Statistical analysis

We developed a set of sample weights based on the sampling design and used them to estimate the distributions of patient experiences in the representative population. Operationally, the weights for each patient were calculated as the inverse of the probability of being sampled, and non-response was incorporated by assuming that all non-respondents occurred randomly.

First, we compared the experiences of patients diagnosed in 2013 and 2016, including patient and proxy responses. We then performed a detailed analysis comparing patient and proxy responses, focusing on the responses of the patients themselves. The questionnaire items covered aspects before, during, and after treatment. We analyzed participants’ responses to each question (Q8–Q13, Q16–Q34). We excluded the results of Q14 and Q15 because of their small sample sizes.

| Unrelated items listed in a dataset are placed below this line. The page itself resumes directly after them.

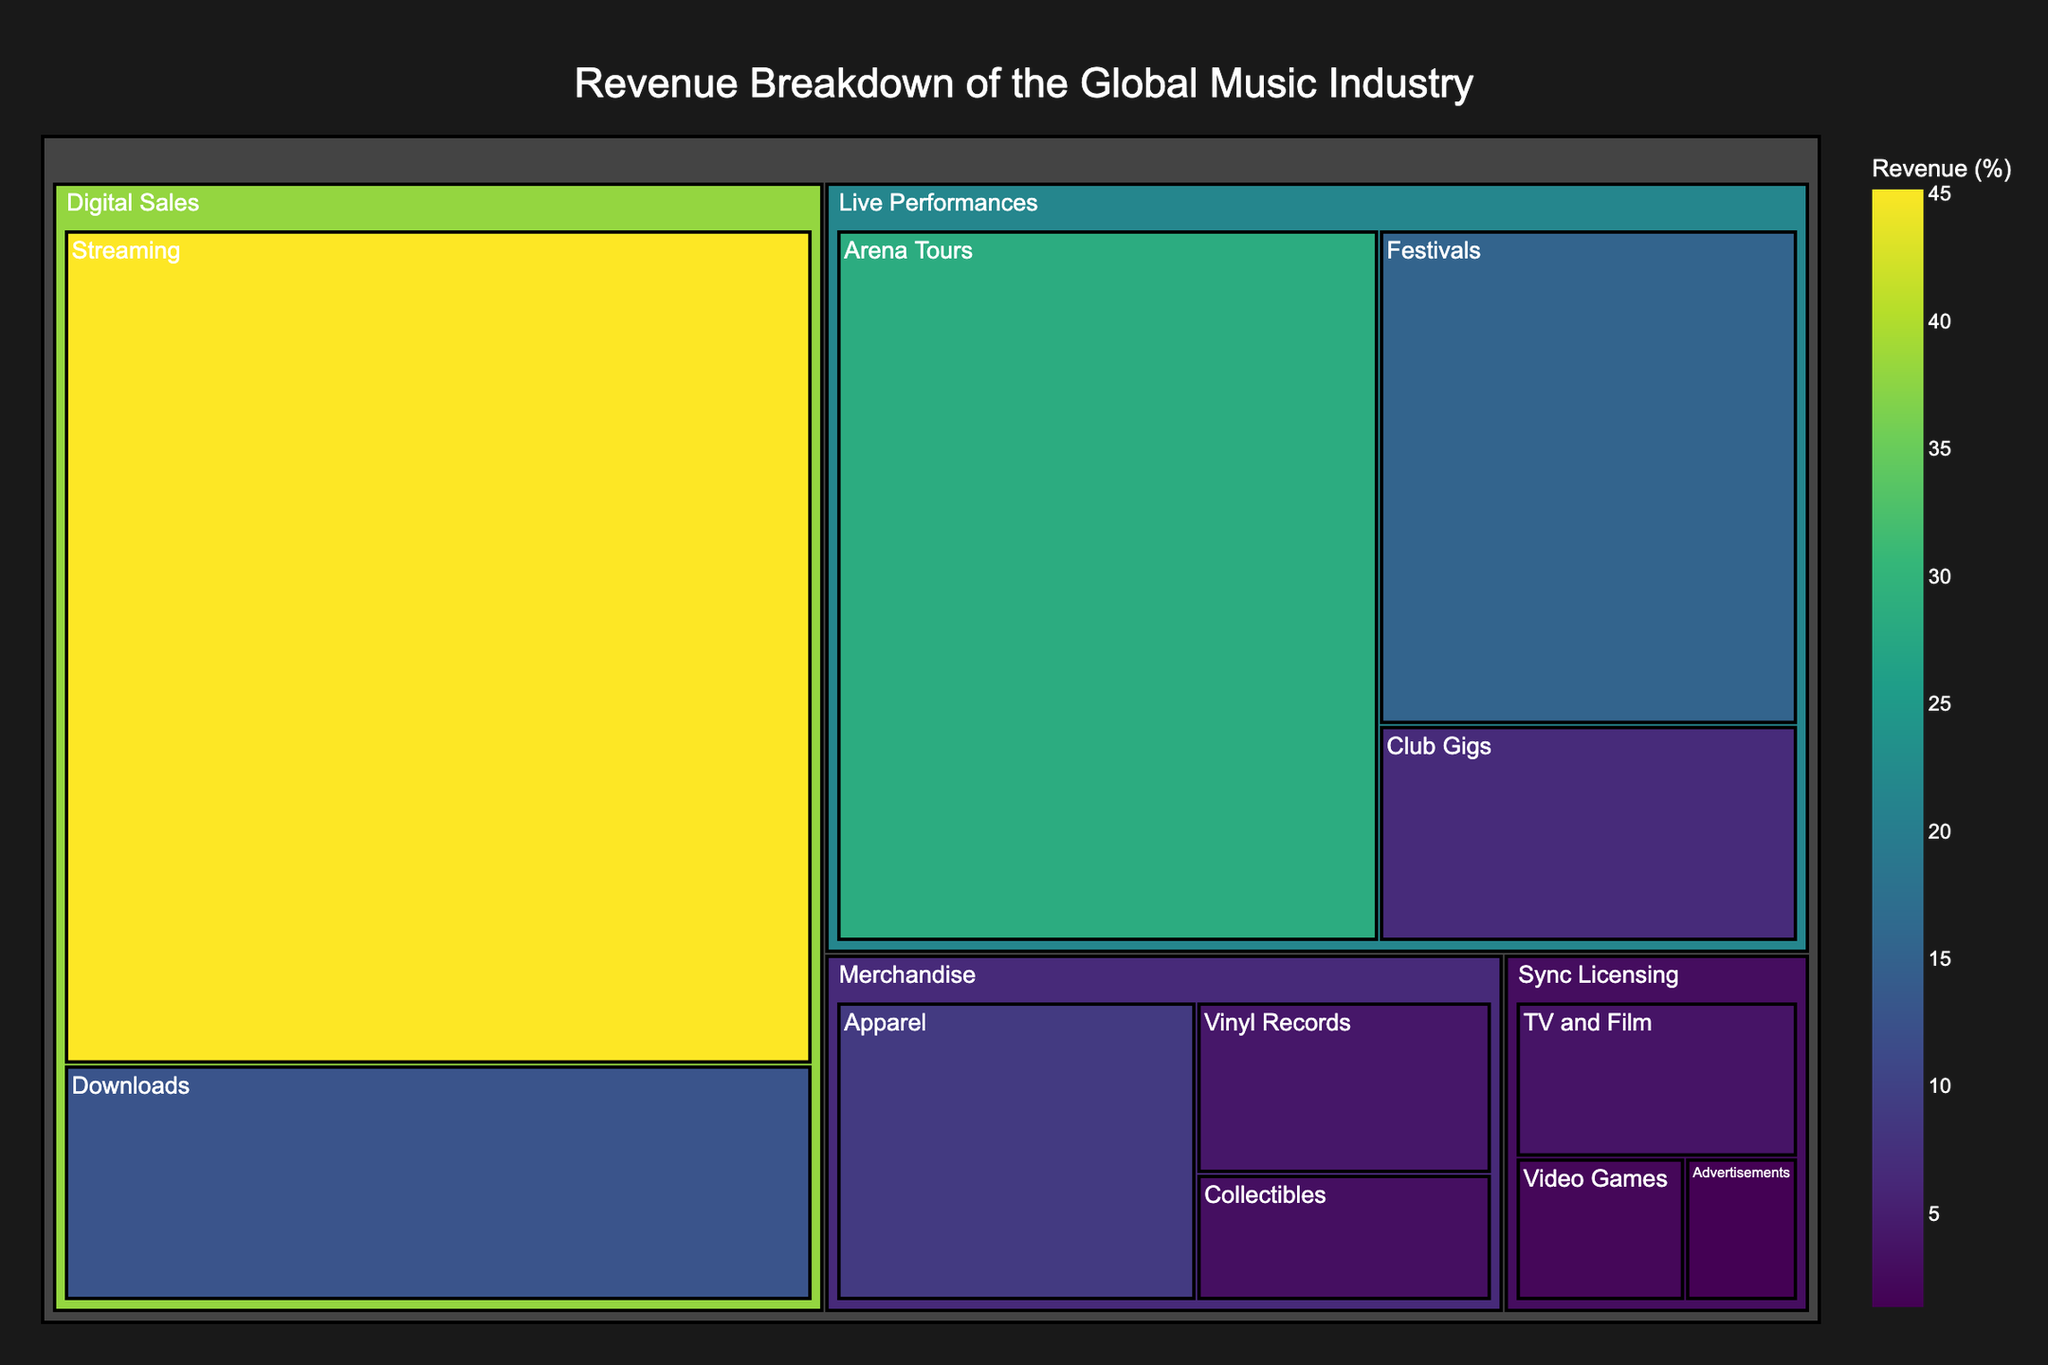what is the largest subcategory in terms of value? The largest subcategory in terms of value can be identified by looking at the size of the sections within the treemap. The section labeled "Streaming" under "Digital Sales" appears to be the largest.
Answer: Streaming what is the total value of the Live Performances category? To find the total value of the Live Performances category, sum the values of the subcategories: Arena Tours (28.5), Festivals (15.3), and Club Gigs (6.7). The calculation is 28.5 + 15.3 + 6.7 = 50.5.
Answer: 50.5 Which is greater: the value of Digital Sales or Live Performances? To determine which is greater, sum the values of the subcategories for each category. Digital Sales has 45.2 (Streaming) + 12.8 (Downloads) = 58. Live Performances has 28.5 (Arena Tours) + 15.3 (Festivals) + 6.7 (Club Gigs) = 50.5. Since 58 > 50.5, Digital Sales is greater.
Answer: Digital Sales What is the difference in value between the largest and smallest subcategories? To find the difference, identify the largest subcategory (Streaming at 45.2) and the smallest subcategory (Advertisements at 1.4), then subtract the smallest from the largest: 45.2 - 1.4 = 43.8.
Answer: 43.8 How does the value of Apparel in Merchandise compare with the value of Arena Tours in Live Performances? Compare the values of these subcategories: Apparel (8.9) and Arena Tours (28.5). Since 28.5 > 8.9, Arena Tours has a greater value.
Answer: Arena Tours What's the total value of all subcategories under Sync Licensing? Sum the values of the subcategories under Sync Licensing: TV and Film (3.8), Video Games (2.1), Advertisements (1.4). The calculation is 3.8 + 2.1 + 1.4 = 7.3.
Answer: 7.3 What is the smallest subcategory value in Merchandise? The smallest subcategory in Merchandise can be found by comparing the values: Apparel (8.9), Vinyl Records (4.2), Collectibles (3.1). The smallest value is 3.1 for Collectibles.
Answer: Collectibles Which category has the least total value? To find the category with the least total value, sum up the subcategory values within each category and compare. Digital Sales has 58, Live Performances has 50.5, Merchandise has 16.2 (8.9 + 4.2 + 3.1), and Sync Licensing has 7.3. Sync Licensing is the smallest with a total of 7.3.
Answer: Sync Licensing What percentage of the total value does the Streaming subcategory represent? To find the percentage, first compute the total value of all subcategories: 45.2 + 12.8 + 28.5 + 15.3 + 6.7 + 8.9 + 4.2 + 3.1 + 3.8 + 2.1 + 1.4 = 132. To find the percentage represented by Streaming, divide its value (45.2) by the total (132) and multiply by 100: (45.2 / 132) * 100 ≈ 34.24%.
Answer: 34.24% How many subcategories are there in total in the figure? Count the total number of subcategories provided across all categories: Streaming, Downloads, Arena Tours, Festivals, Club Gigs, Apparel, Vinyl Records, Collectibles, TV and Film, Video Games, Advertisements. There are 11 subcategories in total.
Answer: 11

We calculated the frequency (proportion) for categorical variables and the mean (standard deviation) or median (interquartile range) for continuous variables. To compare the characteristics of the two groups, we conducted Rao and Scott corrections for the chi-square test [17]. Moreover, Welch’s t-test was conducted to compare the means of the two groups [18]. Although the two groups had different source populations (patients with cancer registered in 2016 and 2013), we assumed that they had similar patient backgrounds. In addition, the same survey method was used to obtain samples for each year of diagnosis. All statistical analyses were performed using R version 3.6.1 (R Core Team, Vienna, Austria), RStudio 2023.12.1 (RStudio Team, Boston, MA, USA), and Stata 17.1 (Stata Corporation, College Station, TX, USA) [19,20,21]. Statistical significance was set at P < 0.05.